On the other hand, if you could simultaneously convert a lot of ordinary matter into numerous tiny black holes, they would all instantly evaporate and have the effect of a single great explosion, so that’s one risk to be worried about.
You’re right about that. But they do indicate that the energy in smaller black holes can be liberated in giant explosions. And they indicate that black holes could be used as an energy sources. So when you said, “a black hole is not considered a store of energy that can be liberated,” that was wrong; or at least it was wrong if you meant “a black hole is not considered a store of energy.” And that was what I said was wrong.
Why are you continuing to talk about this one particular hypothetical risk?
I asked for a list of possible risks, and nobody has given any other answer...
Still, the question of whether one particular risk is real has almost no bearing on the total existential risk.
That’s only true if there are lots of different existential risks besides this particular one. The fact that no one has answered my question with a list of such risks seems to argue against that. I also argued earlier that the amount of physics left to be discovered is finite, so the number of such risks is finite.
More generally, I guess it boils down to cognitive strategies. I like to start from specific examples, build intuitions, find similarities, then proceed to generalize.

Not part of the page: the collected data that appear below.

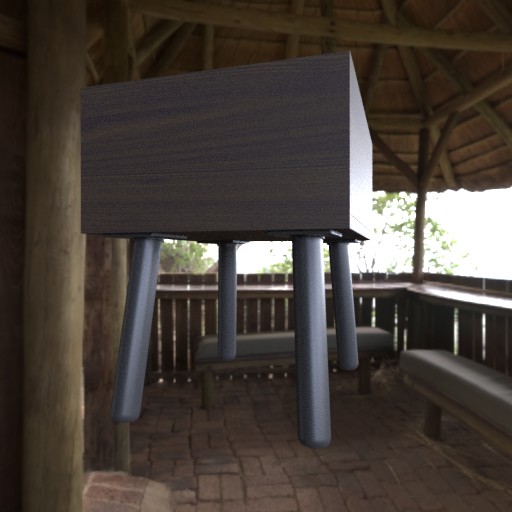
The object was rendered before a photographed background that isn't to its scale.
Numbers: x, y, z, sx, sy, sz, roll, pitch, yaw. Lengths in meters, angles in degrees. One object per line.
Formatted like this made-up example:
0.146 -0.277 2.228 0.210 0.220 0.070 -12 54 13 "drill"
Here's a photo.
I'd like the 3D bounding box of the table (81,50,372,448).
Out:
0.000 0.000 0.777 0.370 0.470 0.450 0 0 18 "table"

I program like this too. If I have to write two procedures that I know will end up sharing a lot of code, I will write one complete procedure first, then factor out the common code as I write the second one, instead of writing the common function first. I suppose this seems like a waste of time to someone used to working directly on the general/abstract issue.
Well, you know my specific example of a risk. Even if you know all about physics, that is the rules of the game, you can still lose to an opponent that can figure out a winning strategy.
Examples are good when you can confidently say something about them, and their very existence was in question. But there are so many ways to sidestep mere physical threat that it doesn’t seem a good choice. An explosion is just something that happens to the local region, in a lawful physical way. You could cook some dynamic redundancy to preserve computation in case of an explosion.